Min proteins from D. purpureum (A) and A. incarcerata (B) expressed in S. cerevisiae to confirm predicted mitochondrial targeting. Differential interference contrast (DIC) images of S. cerevisiae cells expressing Min fusion proteins (Left); in green, MinC, MinD, or MinE expressed with the C-terminal GFP tag in S. cerevisiae; in red, mitochondria labeled with MitoTracker Red CMXRos (Mito); merged images (Merge) show mitochondrial localization of all Min proteins. (Scale bars: 5 µm.)

Fig. 4.

Unrooted maximum likelihood (ML) tree of MinD sequences. Phylogenetic analyses were performed on 328 sequences and 226 sites, using RAxML and PhyloBayes. Bootstrap support values greater than 50% and posterior probabilities greater than 0.5 are shown.
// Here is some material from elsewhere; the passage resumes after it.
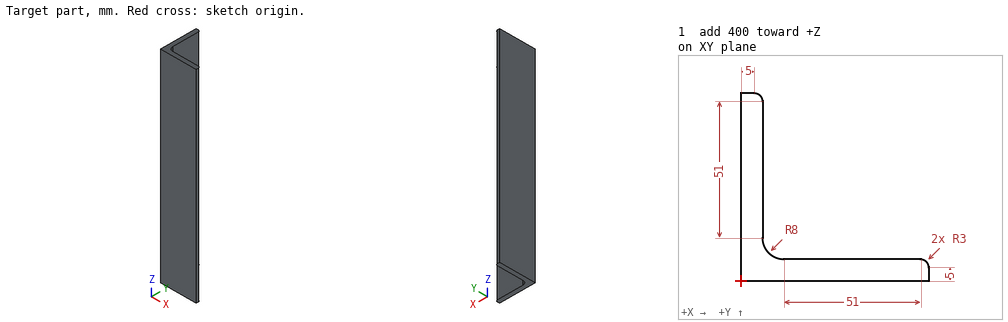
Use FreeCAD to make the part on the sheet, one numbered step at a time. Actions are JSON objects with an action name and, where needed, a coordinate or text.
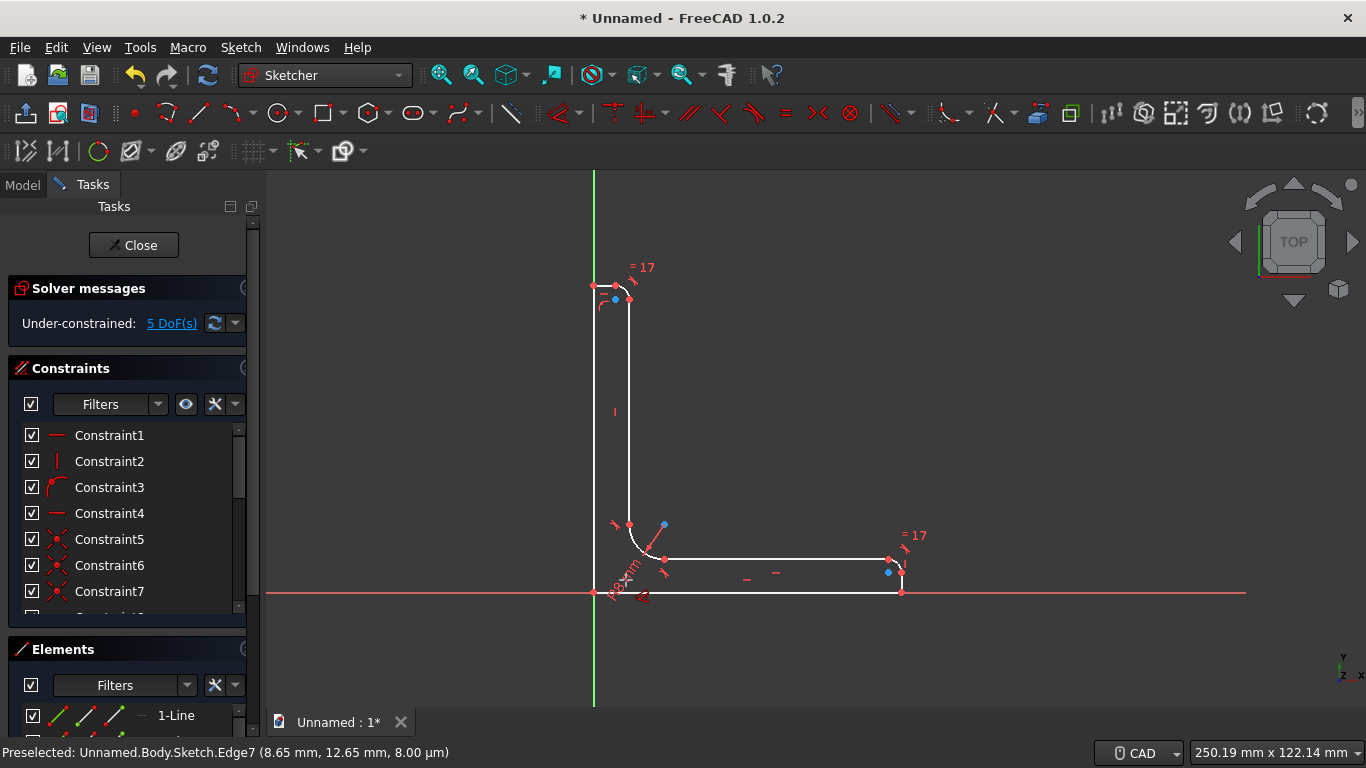
{"action": "scroll", "coordinate": [625, 290], "scroll_direction": "up", "scroll_amount": 6}

Branches with 100% bootstrap support and posterior probability of 1.0 are indicated by black circles. Eukaryotes are shaded blue, cyanobacteria green, proteobacteria orange, and α-proteobacteria magenta.

Fig. 5.

Unrooted maximum likelihood (ML) tree of FtsZ sequences. Phylogenetic analyses were performed on 327 sequences and 257 sites, using RAxML and PhyloBayes. Bootstrap support values greater than 50% and posterior probabilities greater than 0.5 are shown. Branches with 100% bootstrap support and posterior probability of 1.0 are indicated by black circles. Eukaryotes are shaded blue, cyanobacteria green, proteobacteria orange, and α-proteobacteria magenta. Eukaryotic paralogs lacking the variable C-terminal spacer region are indicated by stars whereas those with incomplete sequence at the C-terminus are indicated by question marks. The exception to this pattern is a Corethron hystrix sequence that, despite branching with other stramenopiles in the MtFtsZ1 clade, possesses a C-terminal variable region (Fig. S3).